● **ACTION ITEM**:
Nothing but a number should be returned: the count of lines in the records that contain "this".

● **GIVEN RECORDS**:
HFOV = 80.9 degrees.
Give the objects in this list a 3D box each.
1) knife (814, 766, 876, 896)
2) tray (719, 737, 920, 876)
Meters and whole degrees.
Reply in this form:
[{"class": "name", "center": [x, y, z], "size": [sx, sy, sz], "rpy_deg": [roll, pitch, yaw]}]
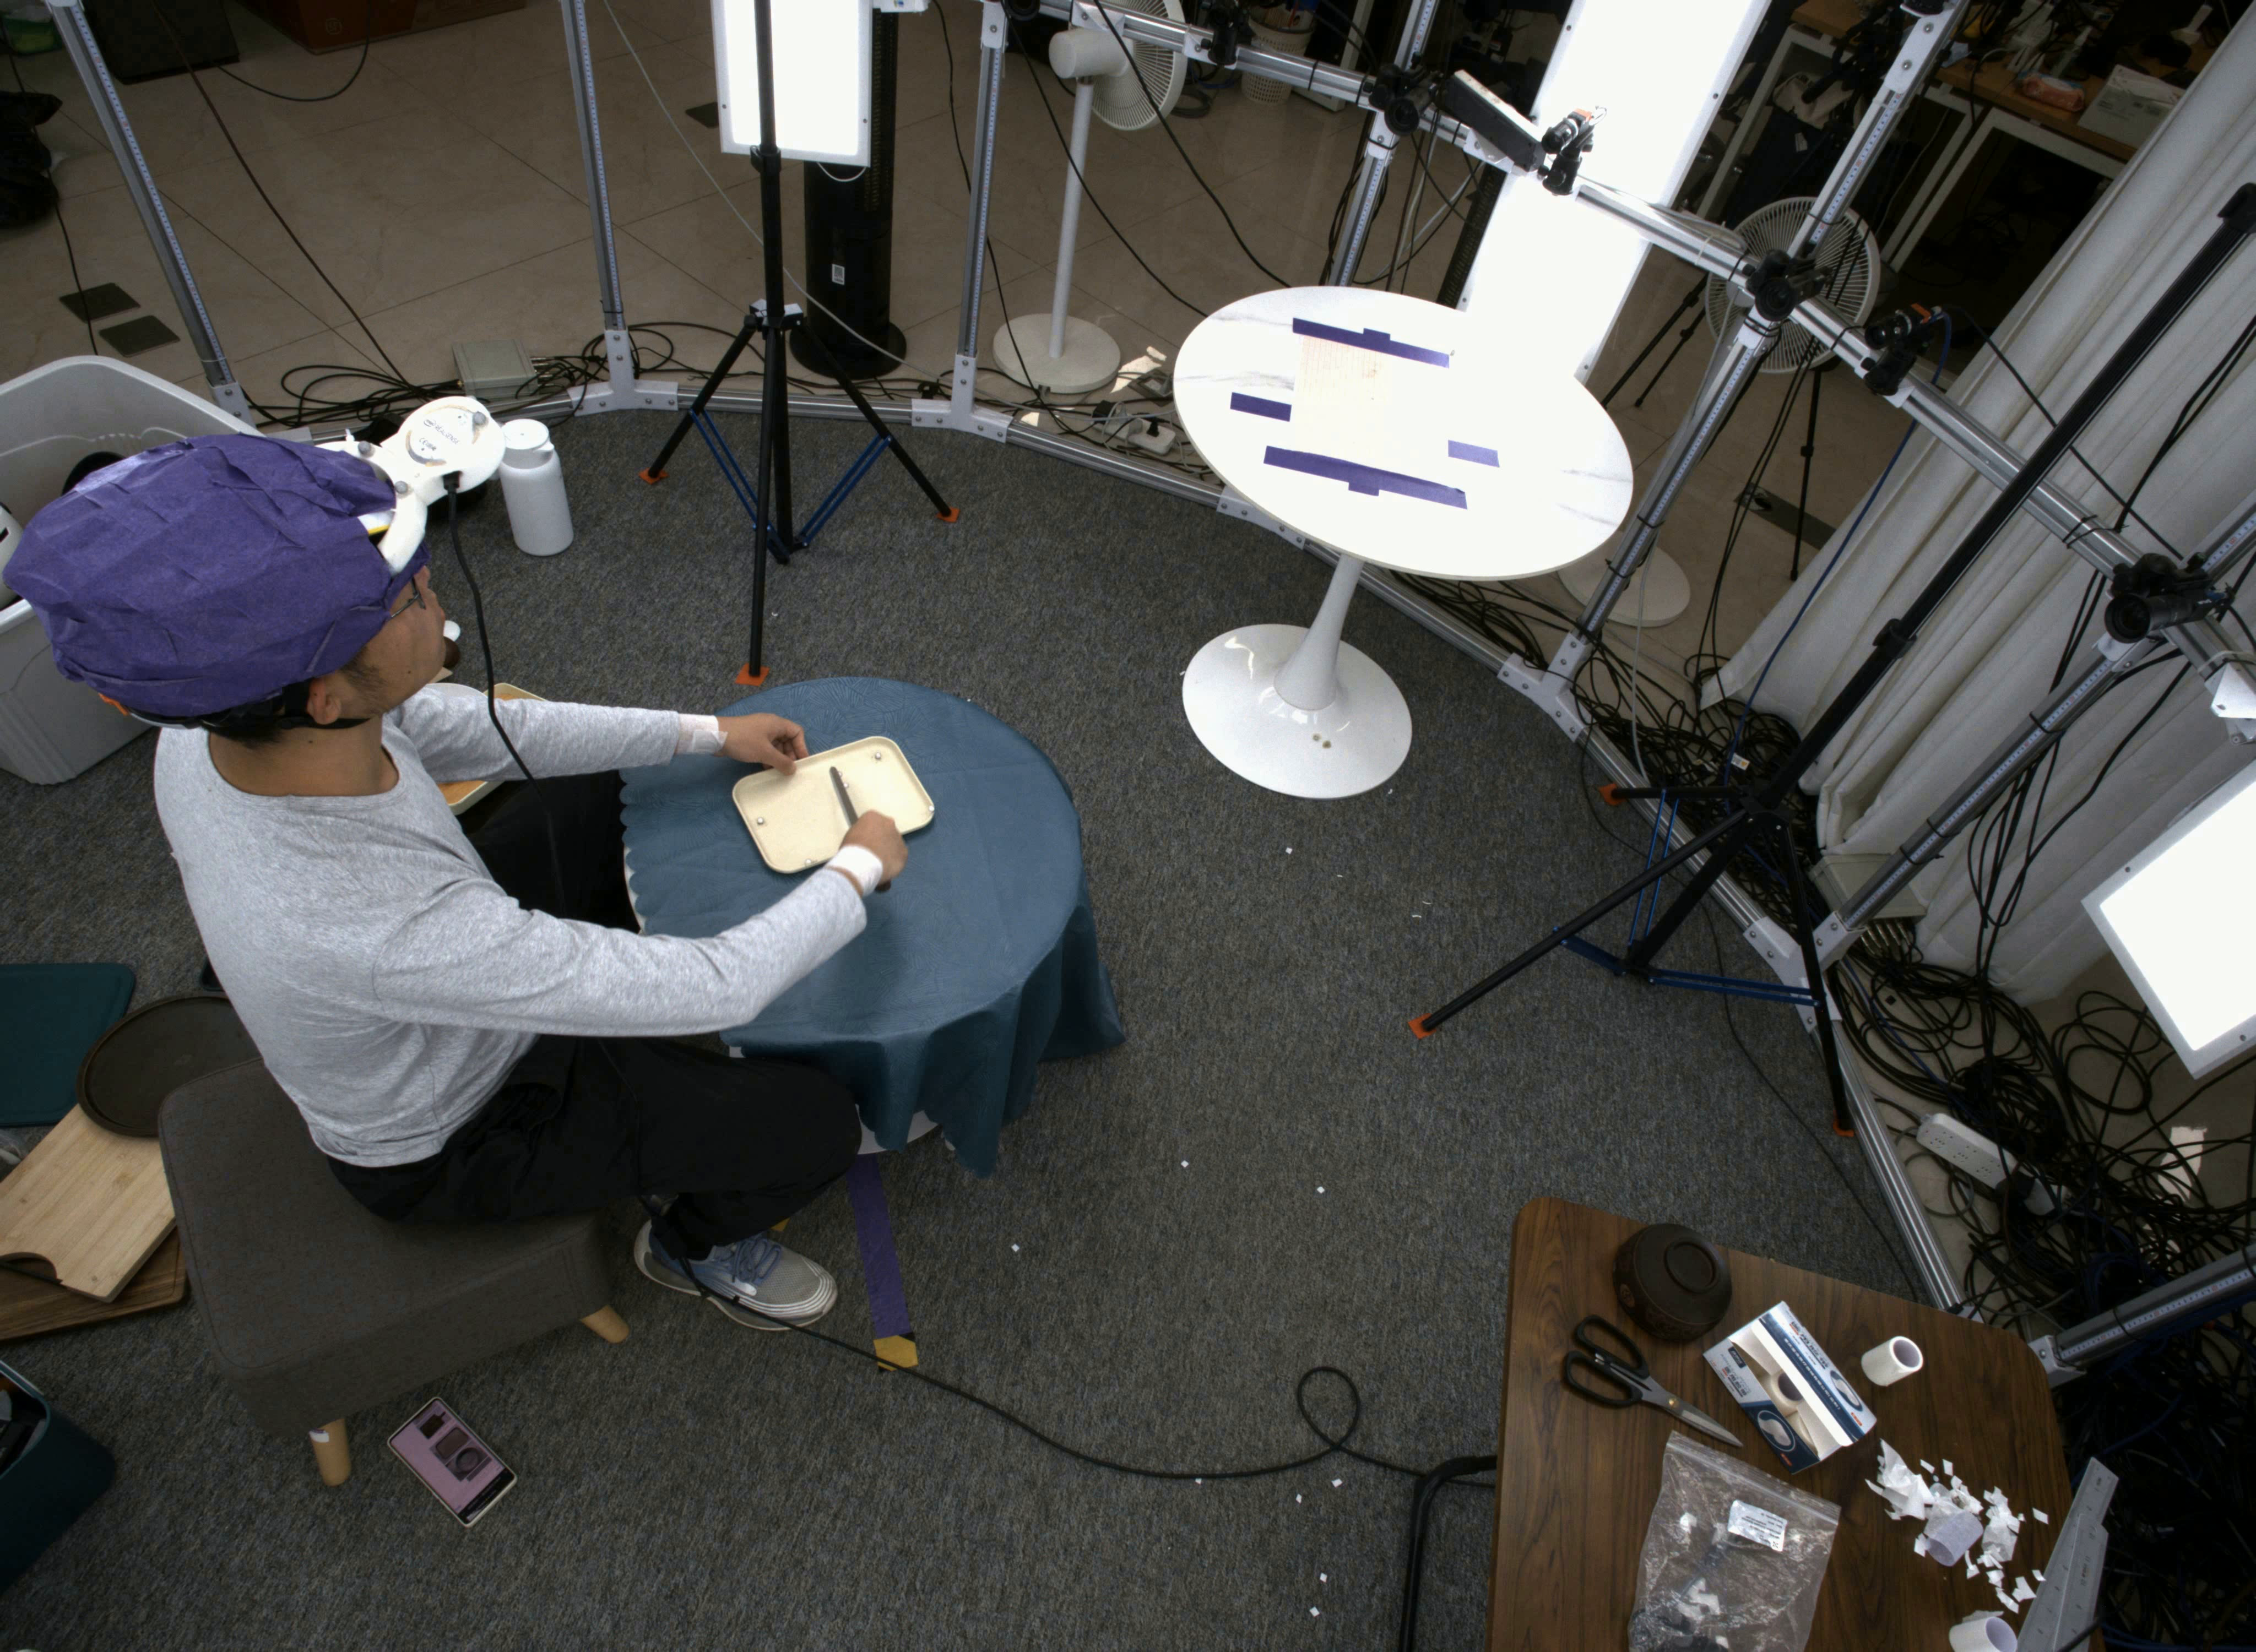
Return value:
[{"class": "knife", "center": [-0.370, 0.001, 1.664], "size": [0.020, 0.051, 0.279], "rpy_deg": [-8, 37, -25]}, {"class": "tray", "center": [-0.414, -0.028, 1.747], "size": [0.241, 0.018, 0.167], "rpy_deg": [-22, 62, -27]}]

● **ANSWER BOX**:
2